KeyBanc links AI-driven gains to Alphabet’s advertising franchise, asserting that AI contributes to growth through both increased ad volume and improved pricing. On a trailing basis the stock trades at a P/E of 32.41 and InvestingPro data cited in the firm’s context points to a favorable PEG ratio of 0.92 versus near-term earnings growth expectations.

Financial metrics highlighted alongside the target include Alphabet’s net cash position, with more cash than debt on the balance sheet, and recent revenue momentum. InvestingPro figures referenced by KeyBanc show 13.42% revenue growth over the last twelve months. The company’s financial health is described as "GREAT" by InvestingPro, supported by a gross profit margin of 59.17% and a return on equity of 35%.

KeyBanc’s note sits amid a broad spread of analyst expectations for Alphabet, with InvestingPro reporting price targets across the analyst community ranging from $185 to $432. The stock’s recent performance has been notable, with returns of 70.02% over the past six months and 64.43% over the past year.

Other broker commentary cited alongside KeyBanc’s update includes a Stifel raise of its own price target to $346 while maintaining a Buy rating.
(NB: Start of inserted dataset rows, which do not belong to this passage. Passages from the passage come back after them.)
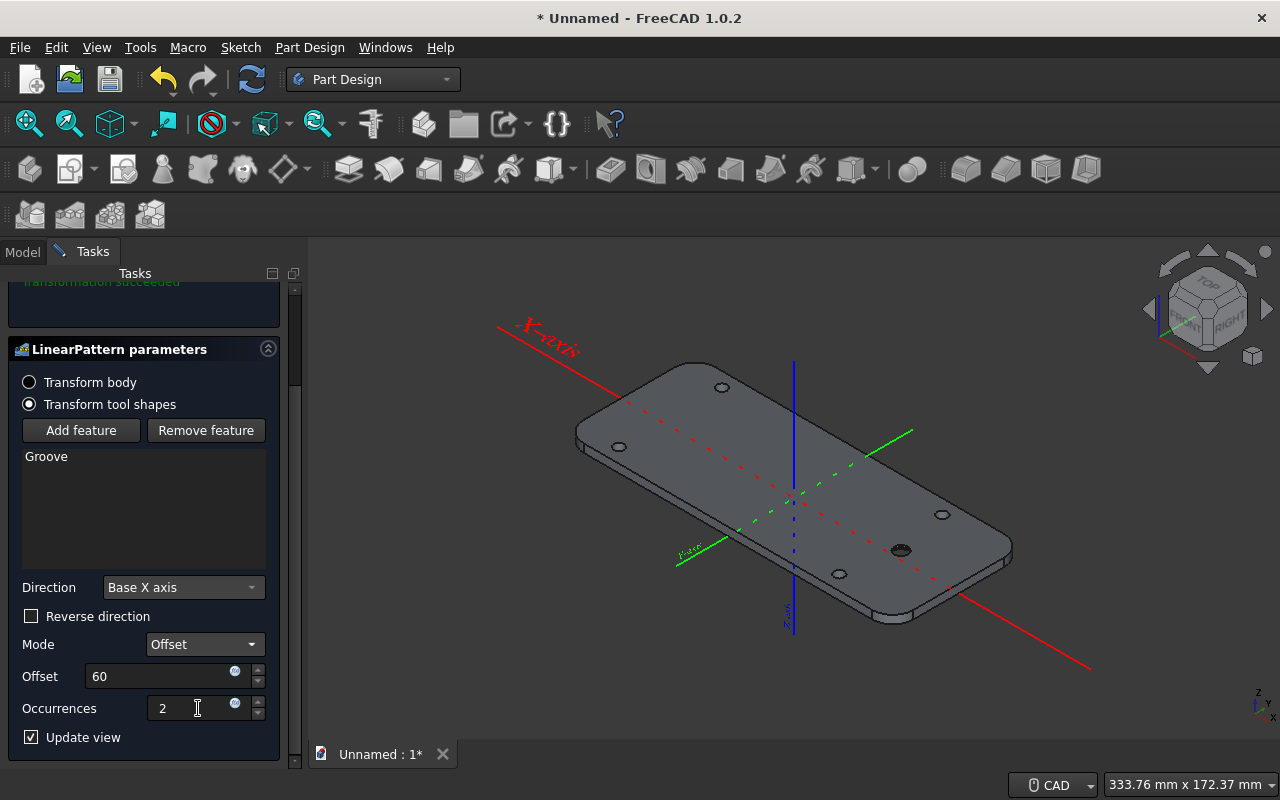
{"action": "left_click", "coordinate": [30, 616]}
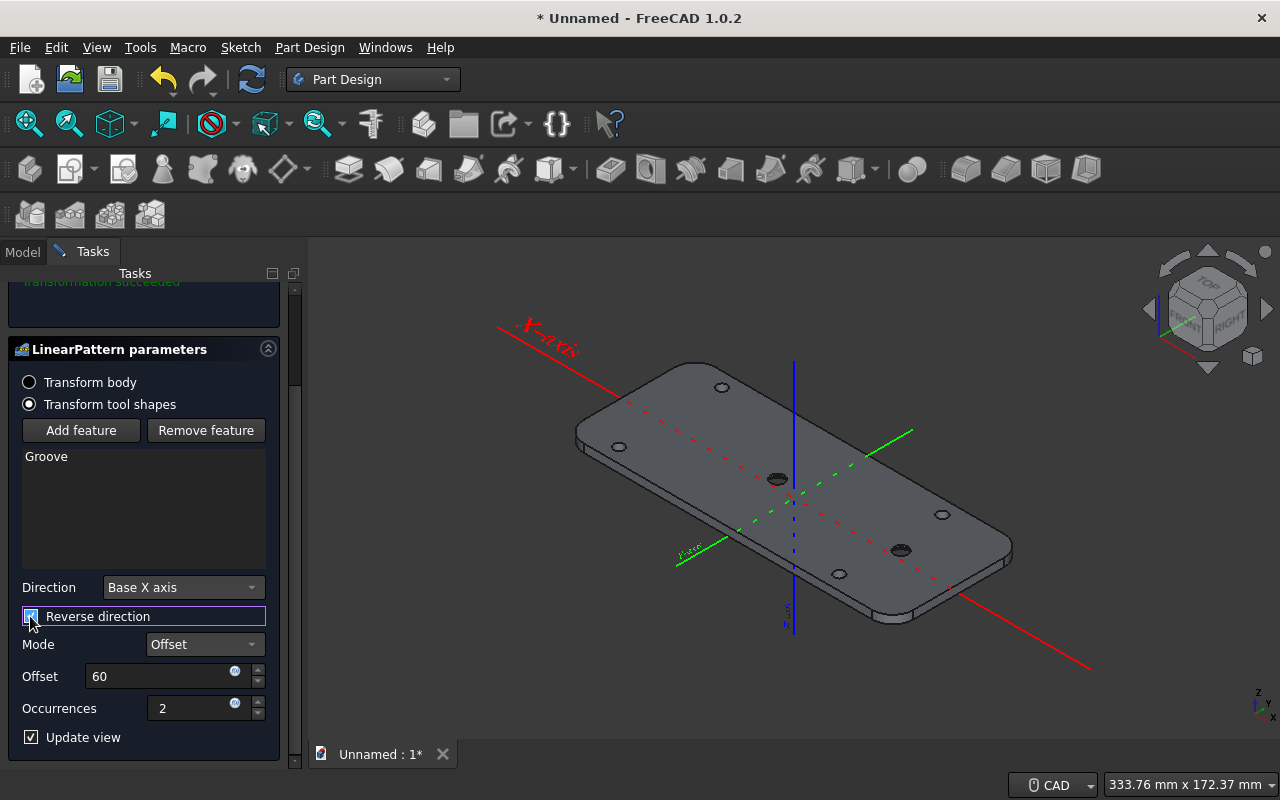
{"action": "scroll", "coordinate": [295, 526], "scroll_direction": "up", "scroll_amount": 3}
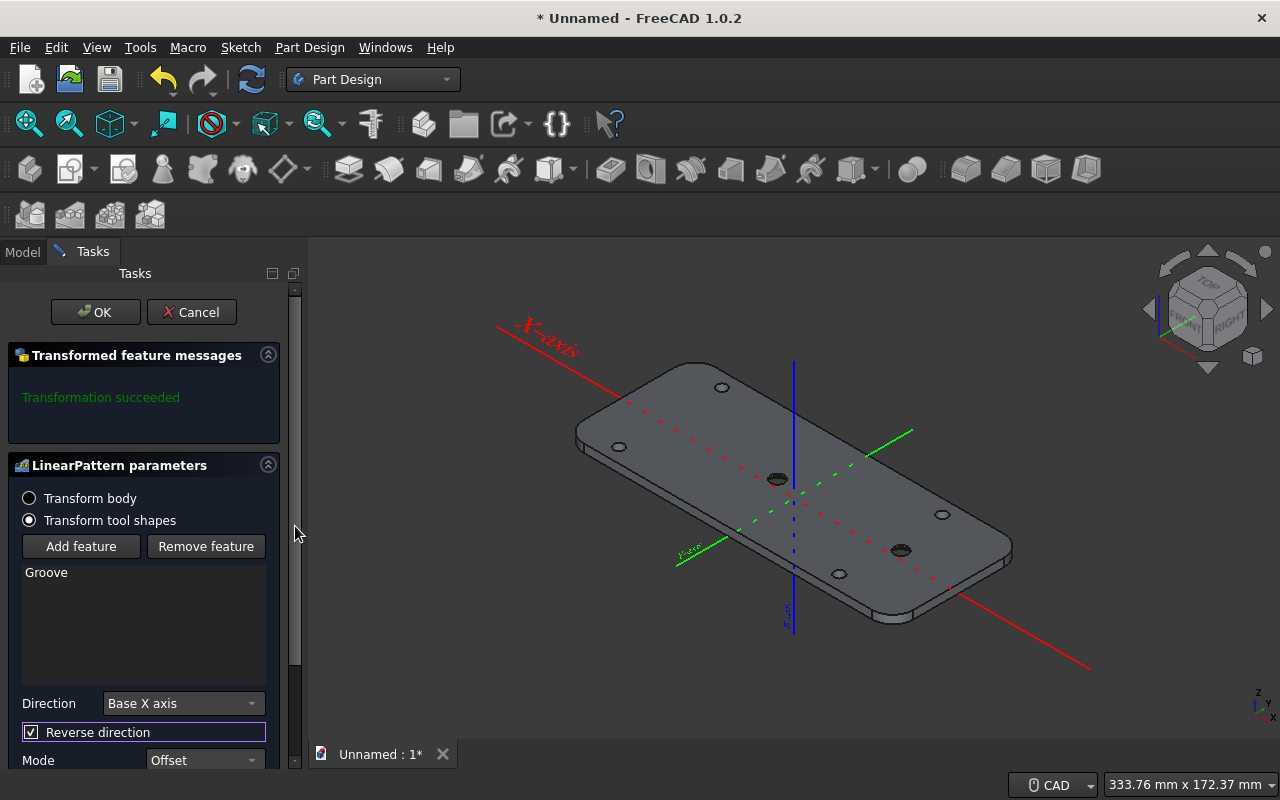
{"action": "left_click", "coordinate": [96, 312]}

Stifel’s view is driven by expectations that fourth-quarter advertising results for Search and YouTube will exceed Wall Street consensus.

RBC Capital also moved its target higher, to $375, pointing explicitly to the integration of AI Overviews (AIO) ads across platforms such as Performance Max and Search and noting that conversion rates have remained stable as those ads have been rolled out. Cantor Fitzgerald, by contrast, kept a Neutral rating as the company awaits an antitrust decision from the European Union concerning Alphabet’s $32 billion acquisition of cloud security firm Wiz; that regulatory review has a deadline of February 10, 2026.
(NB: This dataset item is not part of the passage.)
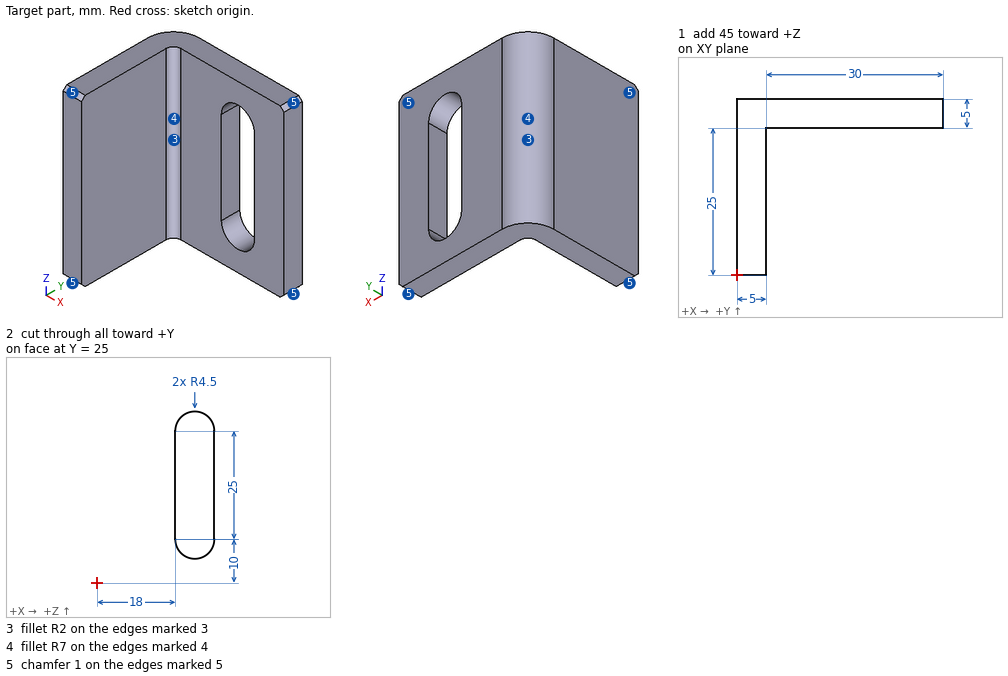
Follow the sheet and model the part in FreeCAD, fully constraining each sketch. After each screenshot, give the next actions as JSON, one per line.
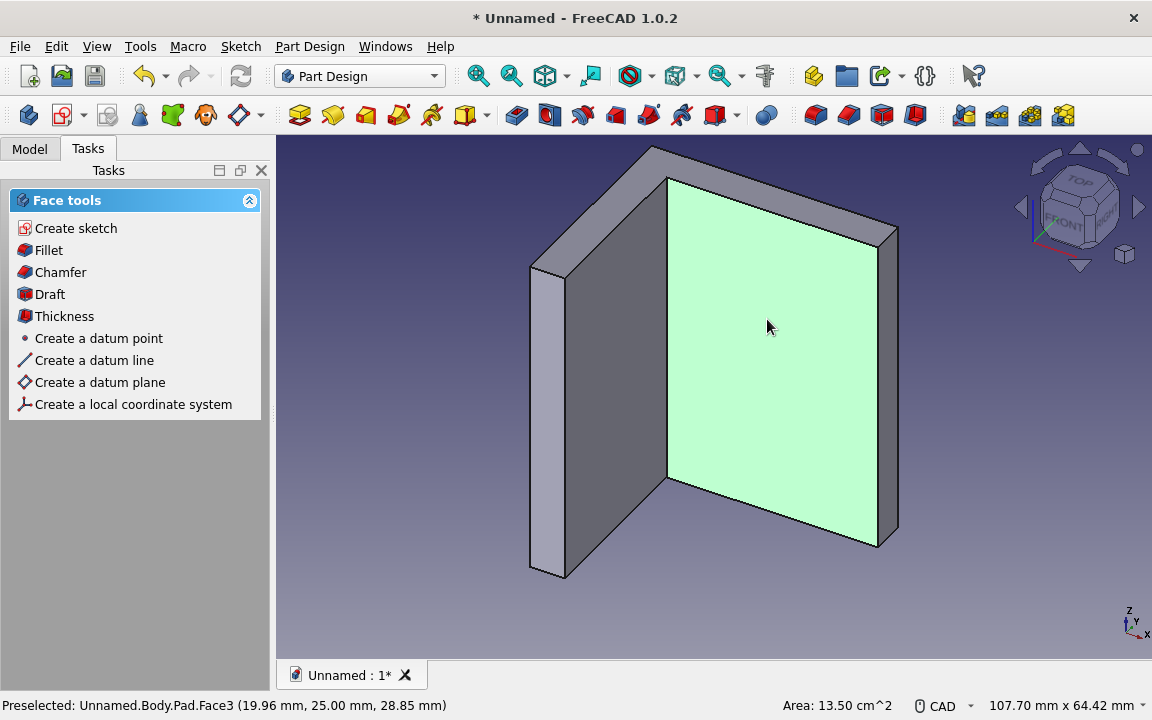
{"action": "left_click", "coordinate": [62, 116]}

The research commentary additionally calls out parallel positive sentiment toward Meta, noting that both companies are seen as well positioned across key AI dimensions. KeyBanc highlights agentic coding as a factor accelerating app deployment and points to evolving user interfaces as part of the broader AI-driven shift impacting the digital advertising and platform landscape.
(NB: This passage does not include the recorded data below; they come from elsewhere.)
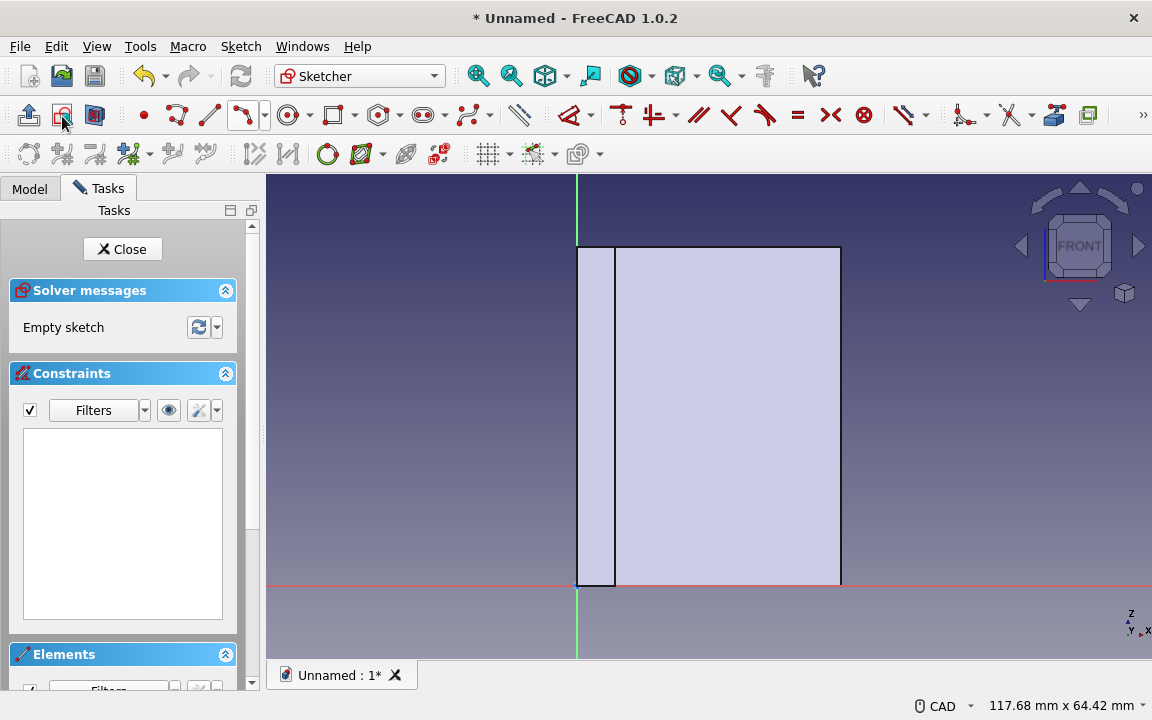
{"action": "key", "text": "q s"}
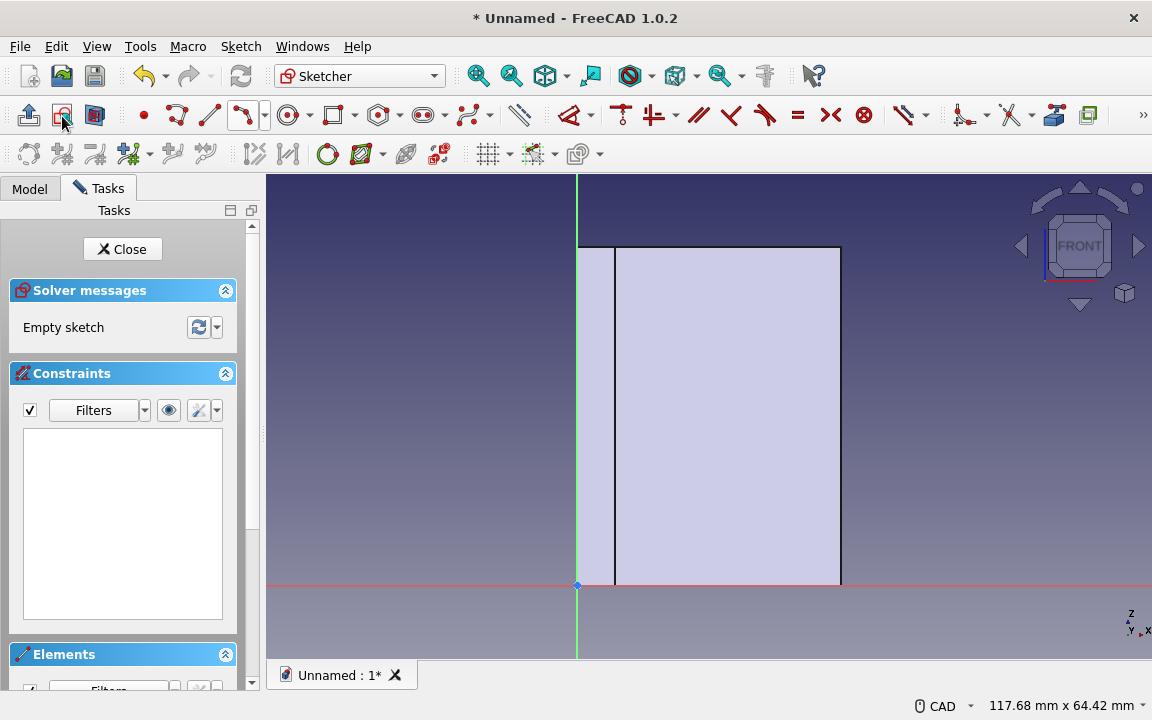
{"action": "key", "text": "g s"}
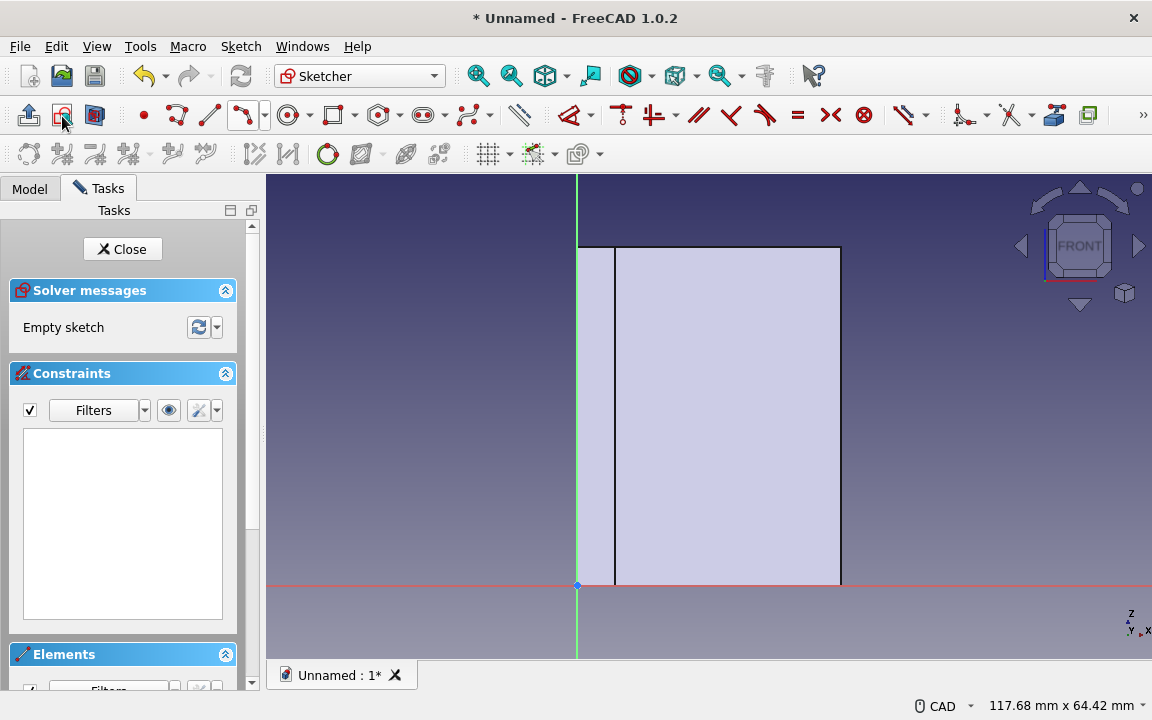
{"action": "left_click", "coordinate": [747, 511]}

Leadership comments from Google DeepMind have been referenced in market conversations, with CEO Demis Hassabis discussing the company’s AI advancements and asserting a competitive edge and broad capabilities in artificial intelligence. These remarks were presented as complementary to the analyst-focused narrative around AI and monetization.

For investors seeking deeper technical or valuation analysis, the research ecosystem referenced in the note includes Pro Research Reports and additional resources available through InvestingPro, which provide expanded modeling and valuation tools. The note and surrounding analyst coverage make clear there is a range of views on both near-term advertising performance and the longer-term impact of AI and cloud mix on Alphabet’s valuation.


Context and implications

KeyBanc’s move to a $360 target reflects a view that Alphabet’s combination of cash reserves, profitable margins and exposure to cloud and AI-driven advertising reinforces a higher multiple. That view is balanced in the market by differing analyst targets and an active regulatory calendar that includes the EU review of the Wiz transaction.

Risks

  • Regulatory uncertainty tied to the European Union’s antitrust review of Alphabet’s $32 billion Wiz acquisition, with a decision deadline of February 10, 2026 - this affects the cloud and cybersecurity sectors.
  • Divergent analyst expectations and a broad range of price targets indicate execution and forecasting risk for advertising and cloud revenue trajectories - this impacts technology and advertising markets.
  • Reliance on AI-driven improvements in ad volume and pricing creates exposure to the pace and efficacy of AI integration - this is a risk for digital advertising and platform monetization.